Dihubungi dari Manado, Senin (27/7/2020), Koordinator Nasional Destructive Fishing Watch (DFW) Indonesia M Abdi Suhufan mengatakan, selama delapan bulan terakhir sejak November 2019, nyawa 13 anak buah kapal (ABK) asal Indonesia melayang di kapal ikan China. Sebelas orang meninggal dan dua orang lainnya hilang. Angka ini belum termasuk ABK yang meninggal di kapal Taiwan.
Laporan terakhir yang diterima DFW Indonesia adalah kematian Hendrik Bidori (50), ABK asal Kelurahan Sagerat, Matuari Bitung, yang bekerja di kapal ikan China, Lu Yan Tuan Yu 016. Dia meninggal di Peru. Hendrik dilaporkan mengalami kecelakaan kerja pada 10 Juli, kemudian meninggal pada 19 Juli di rumah sakit. Jenazahnya disebutkan masih berada di Peru.

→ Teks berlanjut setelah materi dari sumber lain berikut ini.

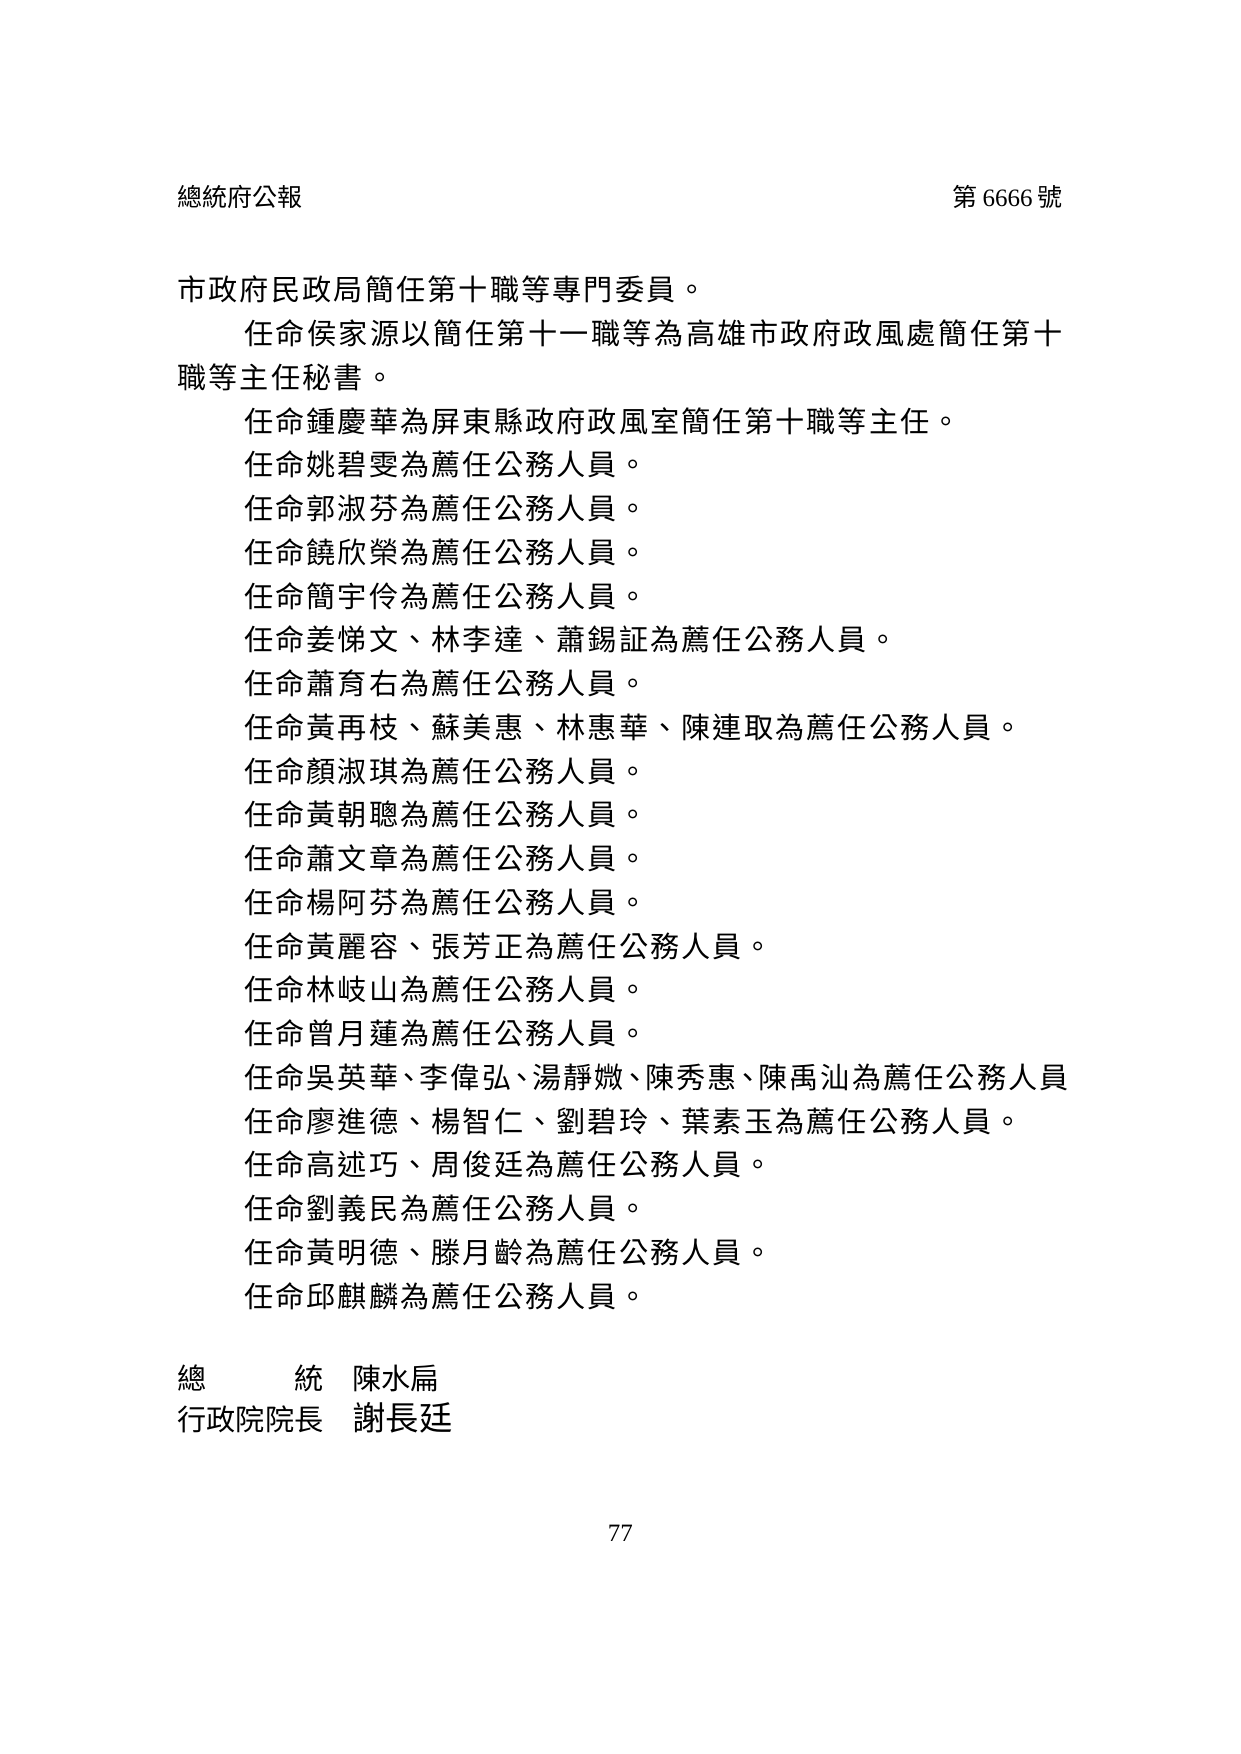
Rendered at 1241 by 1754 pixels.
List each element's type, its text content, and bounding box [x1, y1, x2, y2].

text 任命林岐山為薦任公務人員。 [177, 966, 1063, 1009]
text 任命顏淑琪為薦任公務人員。 [177, 747, 1063, 791]
text 任命高述巧、周俊廷為薦任公務人員。 [177, 1141, 1063, 1184]
text 任命鍾慶華為屏東縣政府政風室簡任第十職等主任。 [177, 397, 1063, 441]
text 任命邱麒麟為薦任公務人員。 [177, 1272, 1063, 1316]
text 任命吳英華、李偉弘、湯靜媺、陳秀惠、陳禹汕為薦任公務人員。 [177, 1053, 1063, 1097]
text 任命廖進德、楊智仁、劉碧玲、葉素玉為薦任公務人員。 [177, 1097, 1063, 1141]
text 任命劉義民為薦任公務人員。 [177, 1184, 1063, 1228]
text 任命蕭文章為薦任公務人員。 [177, 834, 1063, 878]
text 行政院院長 謝長廷 [177, 1397, 1063, 1439]
text 任命姜悌文、林李達、蕭錫証為薦任公務人員。 [177, 616, 1063, 659]
text 任命黃再枝、蘇美惠、林惠華、陳連取為薦任公務人員。 [177, 703, 1063, 747]
text 任命楊阿芬為薦任公務人員。 [177, 878, 1063, 922]
text 任命黃朝聰為薦任公務人員。 [177, 791, 1063, 834]
text 任命饒欣榮為薦任公務人員。 [177, 528, 1063, 572]
text 任命侯家源以簡任第十一職等為高雄市政府政風處簡任第十職等主任秘書。 [177, 309, 1063, 397]
text 任命簡宇伶為薦任公務人員。 [177, 572, 1063, 616]
text 任命曾月蓮為薦任公務人員。 [177, 1009, 1063, 1053]
text 任命郭淑芬為薦任公務人員。 [177, 484, 1063, 528]
text 任命蕭育右為薦任公務人員。 [177, 659, 1063, 703]
text 任命黃麗容、張芳正為薦任公務人員。 [177, 922, 1063, 966]
text 市政府民政局簡任第十職等專門委員。 [177, 266, 1063, 309]
text 任命姚碧雯為薦任公務人員。 [177, 441, 1063, 484]
text 總 統 陳水扁 [177, 1356, 1063, 1397]
text 任命黃明德、滕月齡為薦任公務人員。 [177, 1228, 1063, 1272]

Orangtua korban melapor ke Fisher Center Bitung keesokan harinya setelah perusahaan perekrut Hendrik, PT Lakemba Perkasa Bahari (LPB), mengabarkan kematian Hendrik. Kecelakaan itu juga disebut menyebabkan tiga ABK lain terluka dan kini tengah dirawat.

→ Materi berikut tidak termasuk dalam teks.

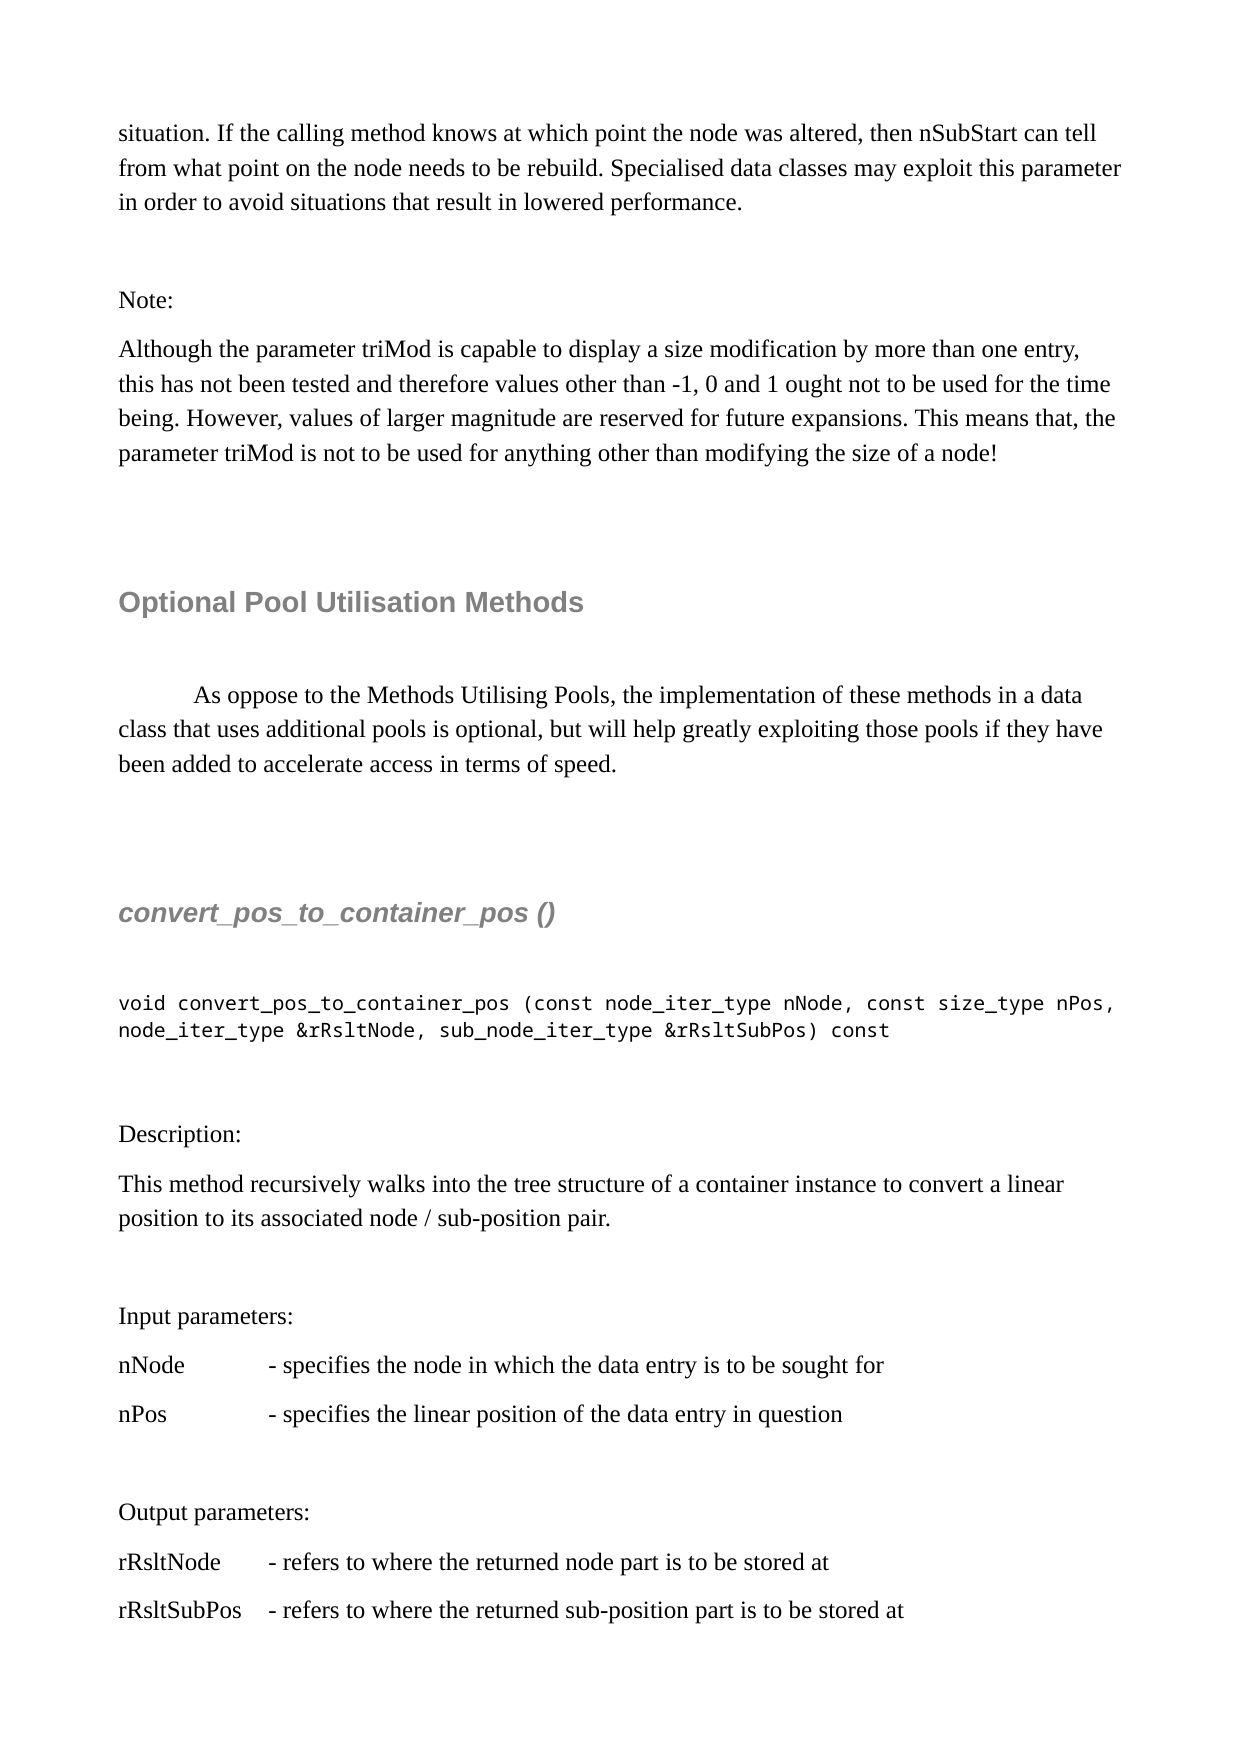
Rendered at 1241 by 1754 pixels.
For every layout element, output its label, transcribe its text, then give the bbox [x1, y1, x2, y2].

DFW Indonesia telah meneruskan laporan ini kepada Badan Perlindungan Pekerja Migran Indonesia (BP2MI), Kementerian Ketenagakerjaan, dan Kementerian Luar Negeri, untuk memulangkan jenazah Hendrik. Namun, menurut Abdi, keluarga almarhum juga menuntut pemerintah menyelidiki penyebab kematian Hendrik.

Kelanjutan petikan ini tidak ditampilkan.